● **TASK STATEMENT**
Return the exact lines spanning from the line with "The camera that" through the last line of the entries, boundaries included, and no others.

=======

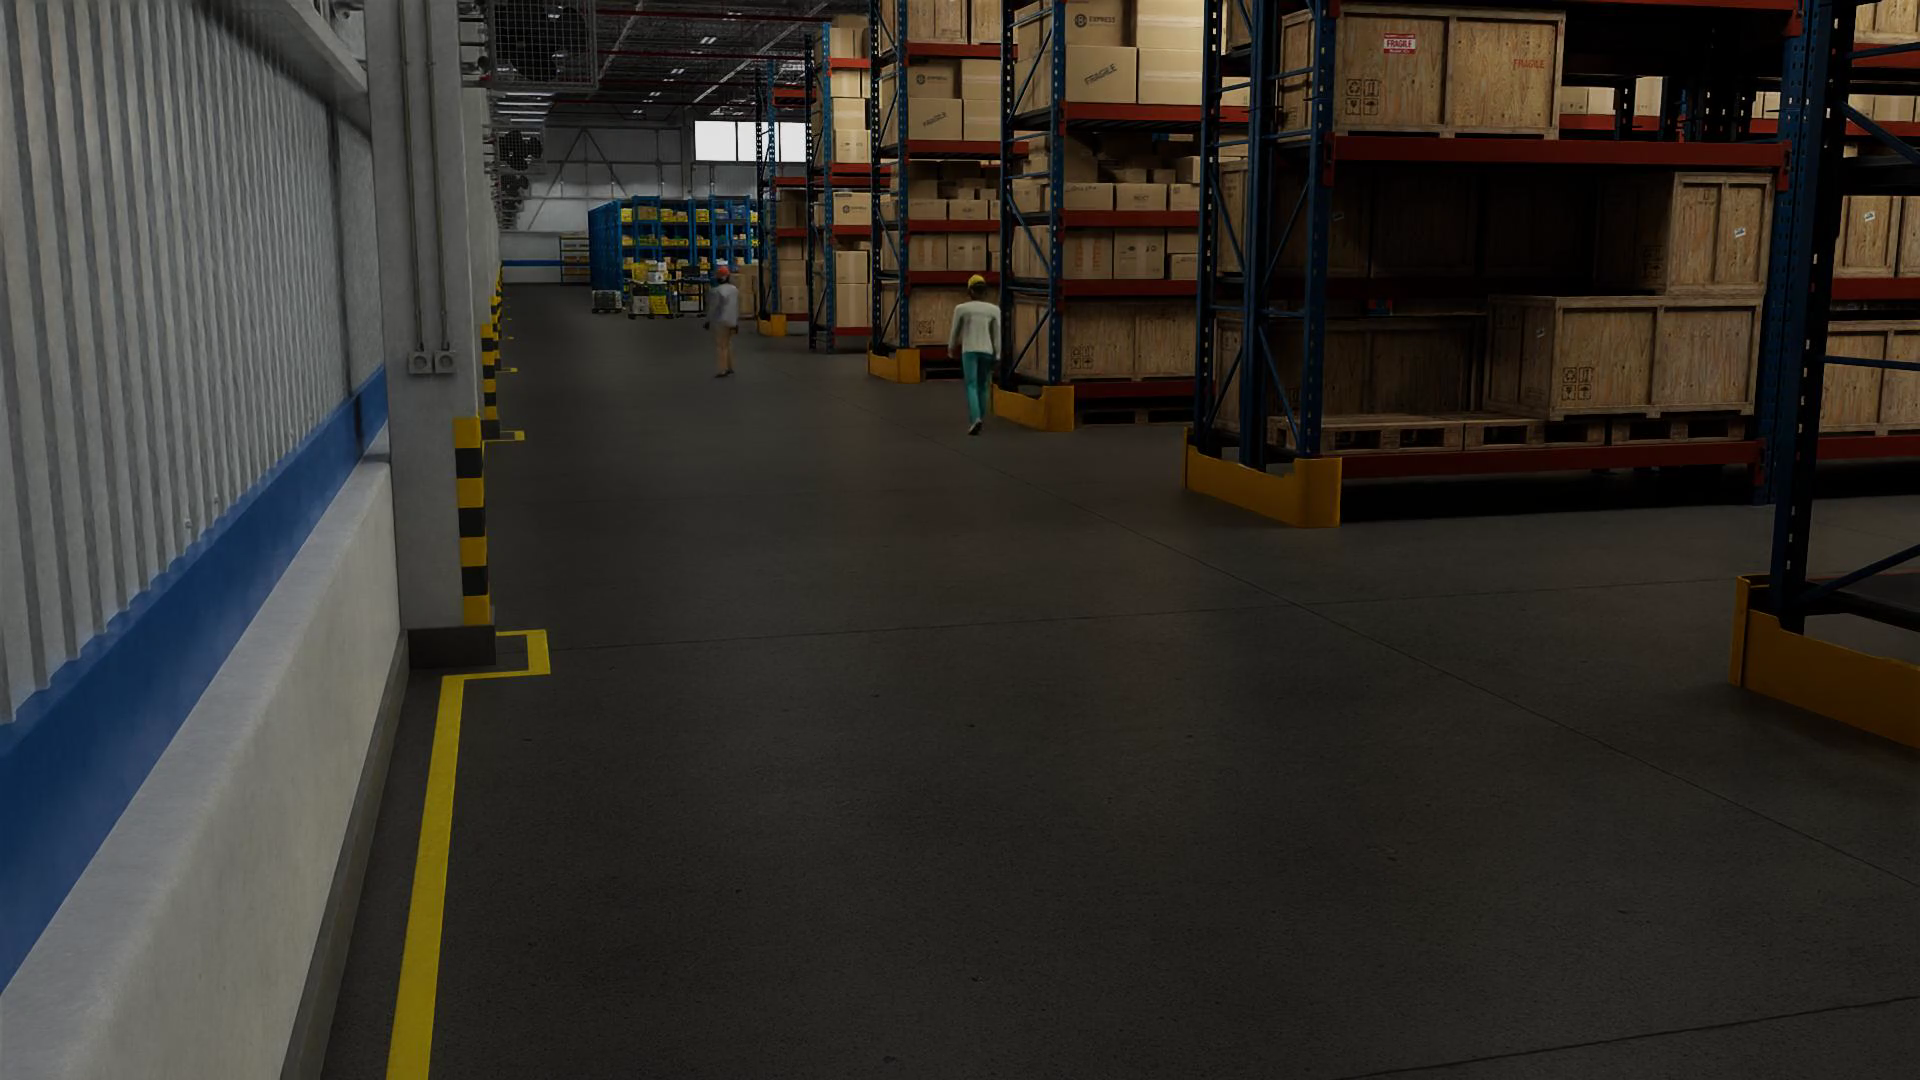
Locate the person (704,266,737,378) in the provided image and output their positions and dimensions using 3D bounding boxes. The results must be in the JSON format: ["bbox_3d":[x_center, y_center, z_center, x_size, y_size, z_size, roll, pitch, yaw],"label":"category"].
[{"bbox_3d":[-3.662,-3.365,25.710,0.404,1.722,0.566,3,11,19],"label":"person"}]

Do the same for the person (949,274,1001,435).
[{"bbox_3d":[0.196,-2.013,18.030,0.544,1.726,0.800,-2,10,-14],"label":"person"}]
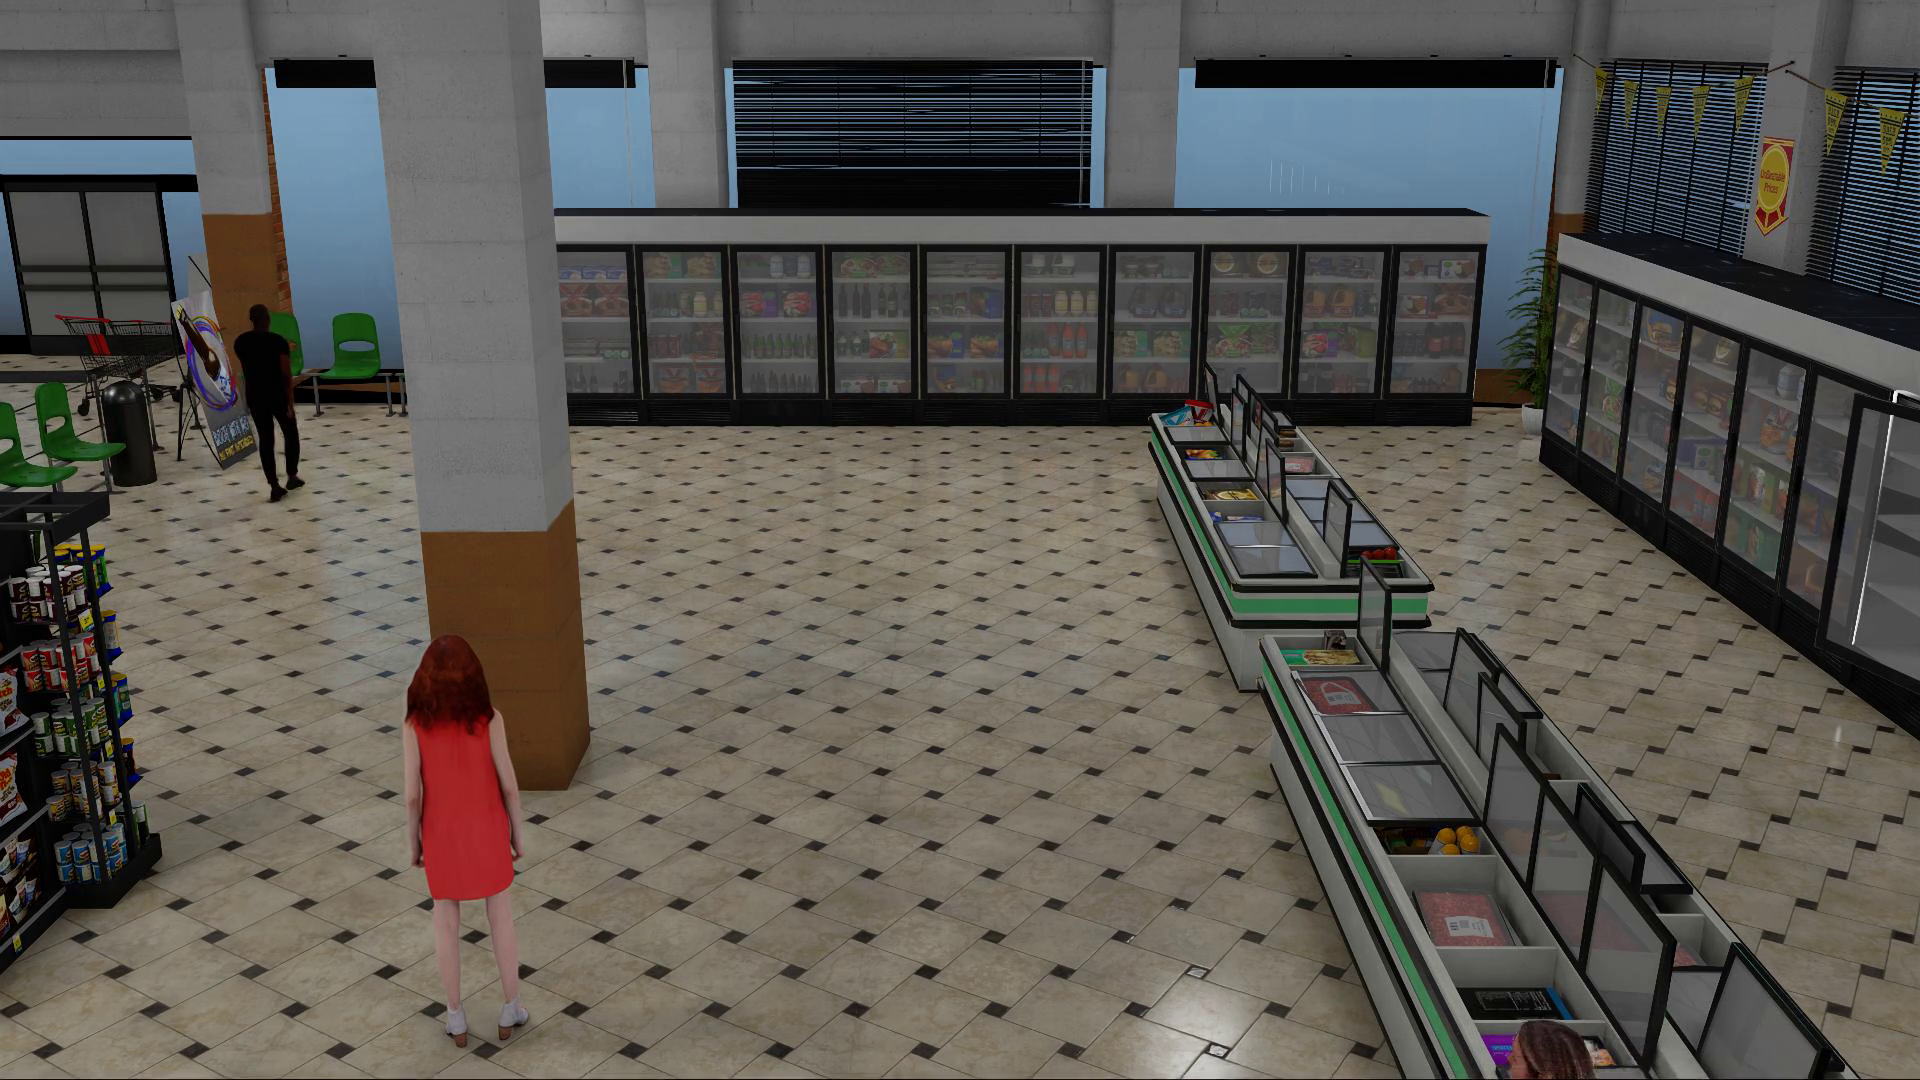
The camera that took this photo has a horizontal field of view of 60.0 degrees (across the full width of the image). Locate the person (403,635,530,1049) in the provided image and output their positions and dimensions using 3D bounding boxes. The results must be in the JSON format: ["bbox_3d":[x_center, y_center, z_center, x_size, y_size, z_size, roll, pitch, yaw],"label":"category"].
[{"bbox_3d":[-2.077,1.266,6.982,0.649,1.827,0.577,-4,17,-12],"label":"person"}]

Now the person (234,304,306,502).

=======

● **YOUR RESPONSE**
The camera that took this photo has a horizontal field of view of 60.0 degrees (across the full width of the image). Locate the person (403,635,530,1049) in the provided image and output their positions and dimensions using 3D bounding boxes. The results must be in the JSON format: ["bbox_3d":[x_center, y_center, z_center, x_size, y_size, z_size, roll, pitch, yaw],"label":"category"].
[{"bbox_3d":[-2.077,1.266,6.982,0.649,1.827,0.577,-4,17,-12],"label":"person"}]

Now the person (234,304,306,502).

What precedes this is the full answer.